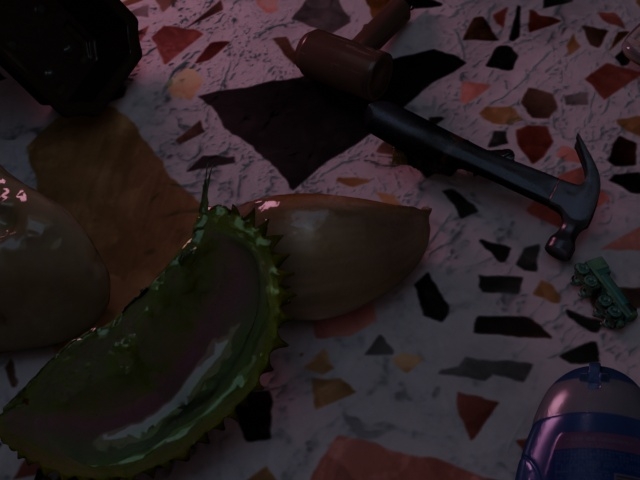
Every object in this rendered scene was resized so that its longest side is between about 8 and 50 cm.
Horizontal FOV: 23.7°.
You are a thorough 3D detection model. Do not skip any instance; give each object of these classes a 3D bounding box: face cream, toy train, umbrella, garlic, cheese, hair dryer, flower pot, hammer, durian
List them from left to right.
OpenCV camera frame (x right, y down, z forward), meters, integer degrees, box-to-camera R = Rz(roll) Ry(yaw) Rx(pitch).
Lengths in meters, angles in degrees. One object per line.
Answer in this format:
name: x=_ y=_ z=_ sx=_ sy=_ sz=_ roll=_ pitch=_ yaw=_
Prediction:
cheese: x=-0.349 y=0.005 z=1.707 sx=0.248 sy=0.173 sz=0.251 roll=2 pitch=48 yaw=12
flower pot: x=-0.354 y=-0.269 z=1.896 sx=0.084 sy=0.251 sz=0.179 roll=-13 pitch=39 yaw=52
durian: x=-0.161 y=0.115 z=1.569 sx=0.355 sy=0.169 sz=0.157 roll=-48 pitch=44 yaw=-5
garlic: x=0.005 y=0.005 z=1.687 sx=0.245 sy=0.145 sz=0.164 roll=-5 pitch=22 yaw=3
hair dryer: x=0.061 y=-0.254 z=1.909 sx=0.117 sy=0.064 sz=0.181 roll=24 pitch=52 yaw=26
umbrella: x=0.156 y=-0.093 z=1.778 sx=0.144 sy=0.040 sz=0.037 roll=5 pitch=47 yaw=8
hammer: x=0.181 y=-0.096 z=1.733 sx=0.290 sy=0.037 sz=0.137 roll=26 pitch=73 yaw=14
face cream: x=0.262 y=0.237 z=1.481 sx=0.149 sy=0.083 sz=0.264 roll=3 pitch=54 yaw=10
toy train: x=0.307 y=0.058 z=1.648 sx=0.045 sy=0.029 sz=0.092 roll=-17 pitch=55 yaw=-24

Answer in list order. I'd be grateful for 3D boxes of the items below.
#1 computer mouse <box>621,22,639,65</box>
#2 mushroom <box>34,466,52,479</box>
computer mouse: x=0.451 y=-0.266 z=1.857 sx=0.102 sy=0.045 sz=0.199 roll=33 pitch=64 yaw=28
mushroom: x=-0.229 y=0.277 z=1.551 sx=0.187 sy=0.061 sz=0.060 roll=18 pitch=63 yaw=26
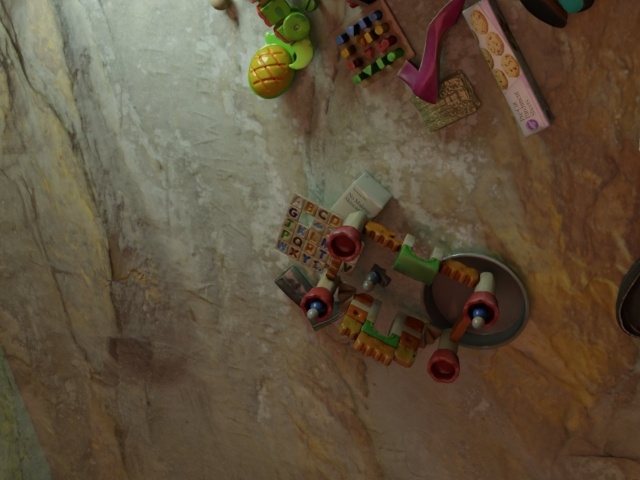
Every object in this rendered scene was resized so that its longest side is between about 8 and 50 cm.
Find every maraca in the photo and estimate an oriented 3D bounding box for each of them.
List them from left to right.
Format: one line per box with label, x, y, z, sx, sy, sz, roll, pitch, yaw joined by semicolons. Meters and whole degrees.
maraca;-0.120;-0.459;1.748;0.127;0.099;0.186;23;97;11

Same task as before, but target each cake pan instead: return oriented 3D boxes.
cake pan;0.416;0.157;1.810;0.293;0.054;0.293;11;119;21

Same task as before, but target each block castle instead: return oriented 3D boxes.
block castle;0.197;0.157;1.724;0.453;0.213;0.303;26;124;3

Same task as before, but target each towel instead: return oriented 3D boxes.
towel;0.306;-0.335;1.635;0.148;0.027;0.110;-25;102;33

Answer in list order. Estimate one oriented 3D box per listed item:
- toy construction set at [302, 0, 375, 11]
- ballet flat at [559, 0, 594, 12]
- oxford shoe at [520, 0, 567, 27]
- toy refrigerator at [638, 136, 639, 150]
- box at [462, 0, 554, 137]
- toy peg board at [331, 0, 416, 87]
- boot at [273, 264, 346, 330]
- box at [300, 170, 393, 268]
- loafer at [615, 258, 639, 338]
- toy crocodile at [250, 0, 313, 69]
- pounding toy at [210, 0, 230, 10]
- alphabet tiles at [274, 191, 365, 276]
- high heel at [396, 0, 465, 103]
........
With the line containing "- toy peg board at [331, 0, 416, 87]" as the first and the last line above as the final one, copy those lines exactly and no others.

▸ SOLUTION TO THIS TASK:
- toy peg board at [331, 0, 416, 87]
- boot at [273, 264, 346, 330]
- box at [300, 170, 393, 268]
- loafer at [615, 258, 639, 338]
- toy crocodile at [250, 0, 313, 69]
- pounding toy at [210, 0, 230, 10]
- alphabet tiles at [274, 191, 365, 276]
- high heel at [396, 0, 465, 103]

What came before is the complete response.